Uitspraak
RECHTBANK ZEELAND-WEST-BRABANT
uitspraak van 27 juni 2024 van de enkelvoudige kamer in de zaak tussen
[eiser] , te [plaats] , eiser,
Inleiding
Beoordeling door de rechtbank
.
Rechtbank Zeeland-West-Brabant
In deze uitspraak beoordeelt de rechtbank het beroep van eiser tegen de herziening van zijn uitkering op grond van de Wet werk en inkomen naar arbeidsvermogen (Wet WIA). Het UWV heeft bij besluit van 20 december 2021 de mate van arbeidsongeschiktheid van eiser herzien van 80-100% naar 45,02% arbeidsongeschiktheid, met ingang van 26 november 2021. Eiser heeft bezwaar gemaakt tegen deze herziening, maar het UWV heeft dit ongegrond verklaard. De rechtbank heeft het beroep op 7 mei 2024 behandeld, waarbij eiser, zijn gemachtigde en de gemachtigde van het UWV aanwezig waren.
De rechtbank oordeelt dat het UWV terecht de mate van arbeidsongeschiktheid per 26 november 2021 heeft vastgesteld op 45,02%. De rechtbank heeft de medische rapporten van de verzekeringsartsen van het UWV beoordeeld en concludeert dat de beperkingen van eiser adequaat zijn vastgesteld. Eiser heeft aangevoerd dat zijn beperkingen zijn onderschat, maar de rechtbank oordeelt dat de medische beoordeling zorgvuldig is uitgevoerd en dat de FML (functionele mogelijkhedenlijst) van 26 november 2021 de juiste weergave van zijn beperkingen is.
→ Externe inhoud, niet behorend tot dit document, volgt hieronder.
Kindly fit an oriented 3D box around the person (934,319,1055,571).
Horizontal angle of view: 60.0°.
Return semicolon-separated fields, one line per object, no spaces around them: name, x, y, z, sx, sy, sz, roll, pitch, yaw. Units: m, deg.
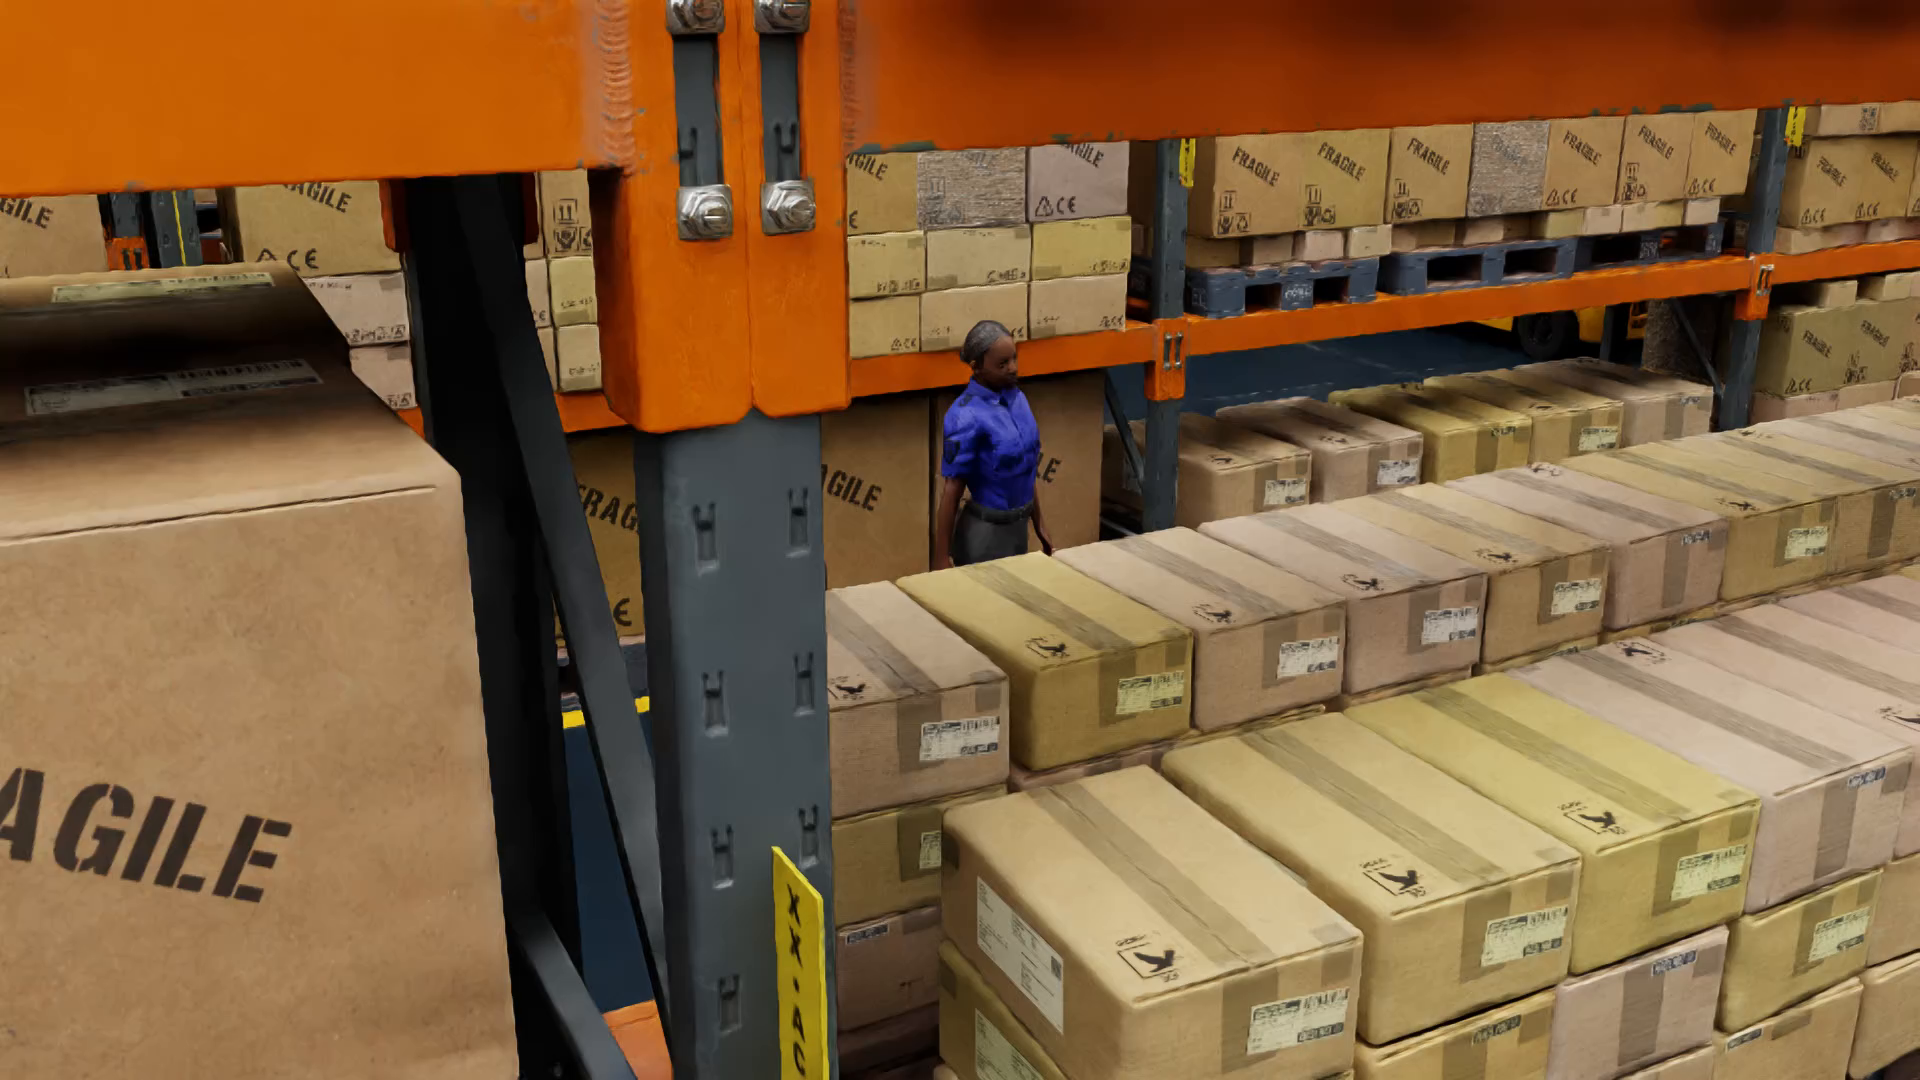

Eiser heeft ook een melding van toegenomen arbeidsongeschiktheid gedaan, waarop het UWV hem per 1 november 2023 een IVA-uitkering heeft toegekend. De rechtbank concludeert echter dat de beperkingen die per 1 november 2023 zijn vastgesteld, niet teruggelegd kunnen worden naar de datum in geding, omdat er geen bewijs is dat de situatie van eiser op dat moment anders was dan vastgesteld in de FML van 26 november 2021.
De rechtbank verklaart het beroep ongegrond, wat betekent dat het UWV de mate van arbeidsongeschiktheid per 26 november 2021 terecht heeft vastgesteld op 45,02%. Eiser krijgt geen proceskostenvergoeding en het griffierecht wordt niet vergoed.